Posted by: Warrington Faust at July 25, 2010 10:06 PM

WF --

Where did you get the idea that the "Church discourages now Confession?"

Posted by: brassband at July 26, 2010 2:36 PM

WF --

Where did you get the idea that the "Church discourages now Confession?"

Posted by brassband at July 26, 2010 2:36 PM

I am not a reader of religious tracts or magazines, so it must have been Time, The Economist or Newsweek. It seems to be an outgrowth of too few priests and the time constraints that creates. The complaint inside the priesthood seemed to be that their time was being wasted with people confessing sins by rote, basically repeating those confessions that they had learned as a child. I can understand this. My former mother in law was a truly saintly woman who would never speak, or harbor, an unkind thought. She went to confession daily. One of her daughters was a nun, until she cracked and they set her free.

Posted by: Warrington Faust at July 26, 2010 5:18 PM

WF --

Sorry, but I think that Time, Newsweek, or the Economist have misled you.

Although it is true that the faithful are far less diligent penitents than those of earlier generations, the Church has not, in any way, decided to "discourage" confession.

On the contrary, some parishes have undertaken great efforts to get parishioners to return to the sacrament.

Posted by: brassband at July 26, 2010 9:08 PM


I may in fact be mistaken, that has happened before.

Perhaps "discourage" was a poor choice of word.

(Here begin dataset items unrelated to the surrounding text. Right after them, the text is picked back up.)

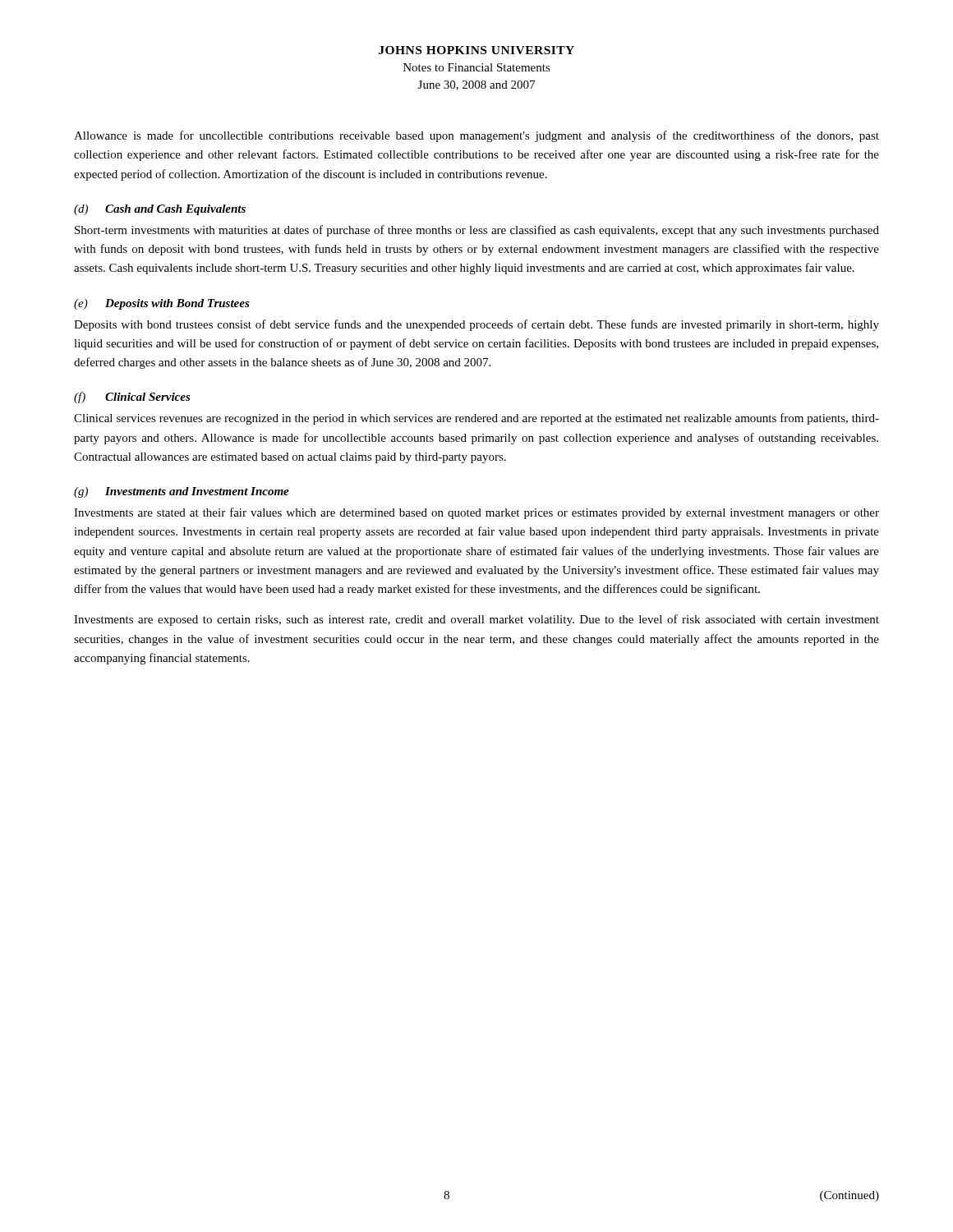The height and width of the screenshot is (1232, 953).
Task: Point to the block beginning "Investments are exposed to certain risks, such"
Action: 476,639
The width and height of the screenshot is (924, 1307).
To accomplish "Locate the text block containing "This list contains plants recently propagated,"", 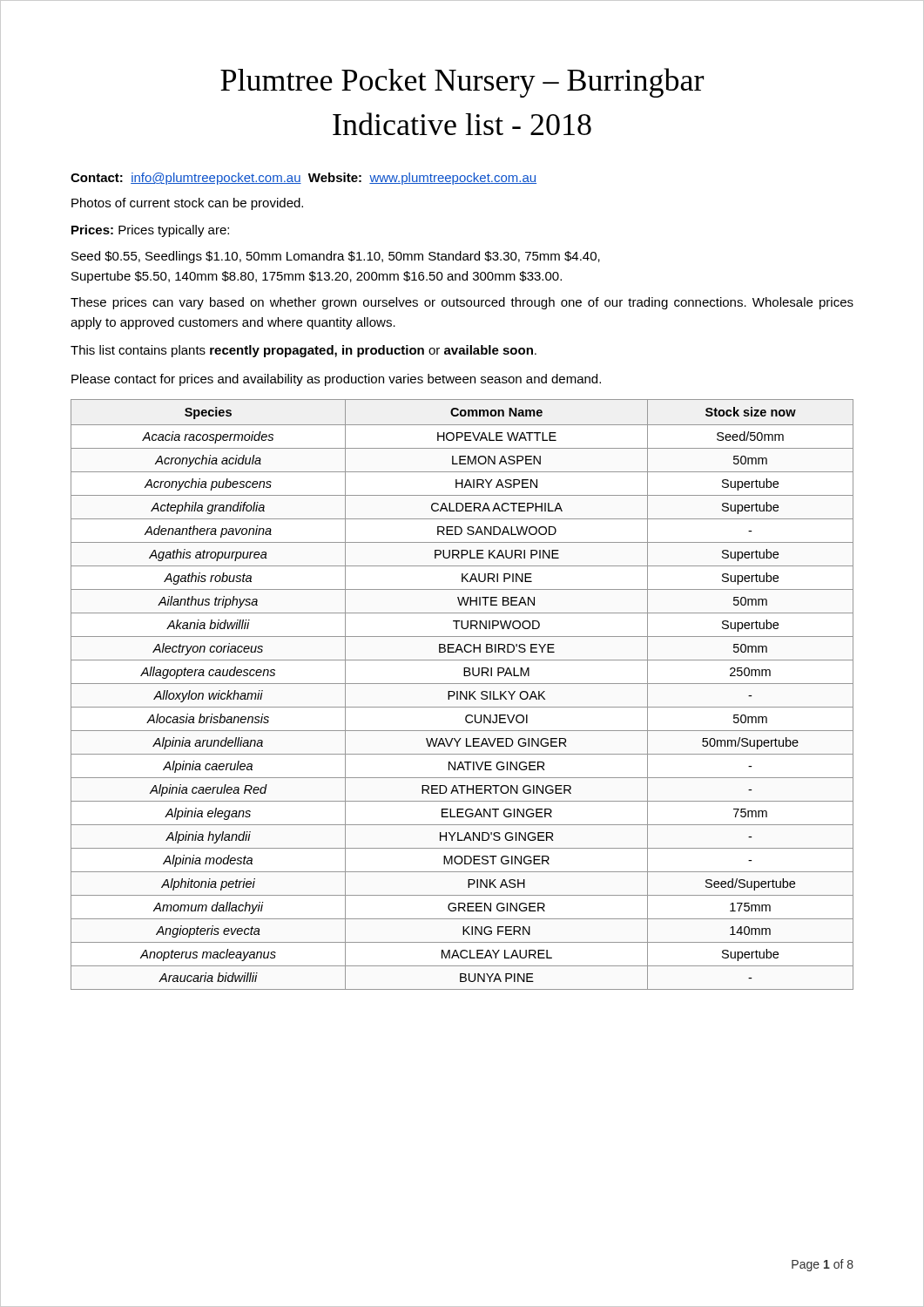I will pos(304,350).
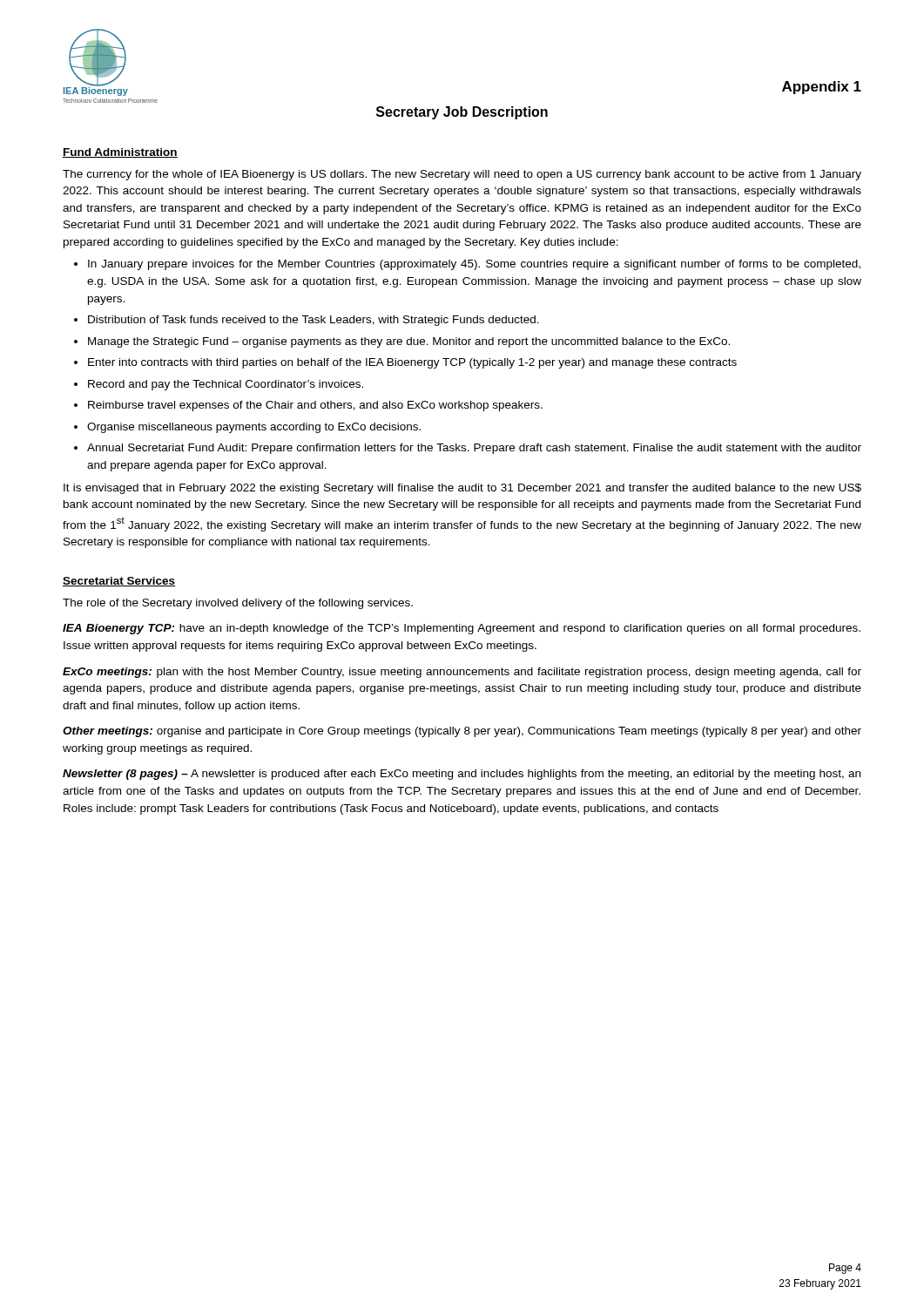Point to the block beginning "Other meetings: organise and participate in Core Group"
The image size is (924, 1307).
click(x=462, y=739)

I understood that hours for confession were being reduced. Part of this was a lack of manpower, but there was also a thought that only the truly burdened would find the time.

If the church is not behaving as reported, that is honorable. It is a sacrament of the church, it can not be abandoned without calling into question all the sacraments.

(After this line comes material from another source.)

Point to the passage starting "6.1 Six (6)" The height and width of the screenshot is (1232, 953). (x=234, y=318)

Posted by: Warrington Faust at July 27, 2010 12:00 AM

There is really no such thing as "hours for confession." If one desires to make a confession, one need only contact the nearest Catholic rectory and a priest will be made available as immediately as possible. Of course parishes schedule hours when a priest will be in Church for those who wish to come during those hours, but those hours are a license, not a limitation, on the availability of the sacrament.